The cloud’s native platform as a service (PaaS) provider offers a wide variety of monitoring services that gather vital information from a company’s cloud operations, pulling data into a single dashboard and notifying developers when there is a problem that could result at a crucial downtime. The DataDog’s ability to break down silos and gather otherwise fragmented data in one place makes it the primary choice among developers.

That’s why the platform was selected as the best choice for monitoring application performance by research company Gartner, who named him one of the 2020 “Visionaries” in his famous Magic Quadrant. The company has also been identified as an industry leader in smart applications and service monitoring by Forrester Research. Customers agree, with an impressive 98% giving the DataDog a four or five star rating.

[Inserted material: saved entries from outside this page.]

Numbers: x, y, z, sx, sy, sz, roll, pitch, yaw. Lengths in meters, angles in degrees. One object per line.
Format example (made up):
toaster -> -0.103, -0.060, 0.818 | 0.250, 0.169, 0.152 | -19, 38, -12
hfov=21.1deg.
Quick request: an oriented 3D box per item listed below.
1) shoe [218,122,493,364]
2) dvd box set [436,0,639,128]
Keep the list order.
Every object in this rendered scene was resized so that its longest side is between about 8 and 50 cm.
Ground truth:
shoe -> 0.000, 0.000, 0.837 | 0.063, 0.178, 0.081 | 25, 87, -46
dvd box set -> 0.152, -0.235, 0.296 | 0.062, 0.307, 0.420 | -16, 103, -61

Business is dynamic. In the first nine months of 2020, DataDog reported revenue that grew 71% year over year. The company is also on the verge of consistent profitability, cutting losses by 85% so far this year. What is even more impressive is that DataDog achieved these achievements just a year after the company went public.

The need to keep critical systems up and running has never been more important, so investors should take the DataDog for a ride.

CRWD Chart

Data by YCharts

A word about evaluation

Each of these companies offers the opportunity for mind-boggling growth in the next decade, but like many high-growth stocks, they fall into the high-risk, high-reward category. As such, they are not cheap. CrowdStrike, DataDog and Twilio are selling 53, 51 and 34 times future sales, respectively – when a good price / sales ratio is generally considered to be between 1 and 2. This high tag price is partially explained by each stock’s performance so far this year, as noted in the chart above.

Each of these companies came to understand a fundamental but critical fact for software companies as a service: the value of new customers’ lives is much greater than what is being spent now to acquire them, so profits can remain elusive for those tall -flyers.

So far, however, investors are more than willing to pay for the impressive revenue growth and the explosive profit potential that remains.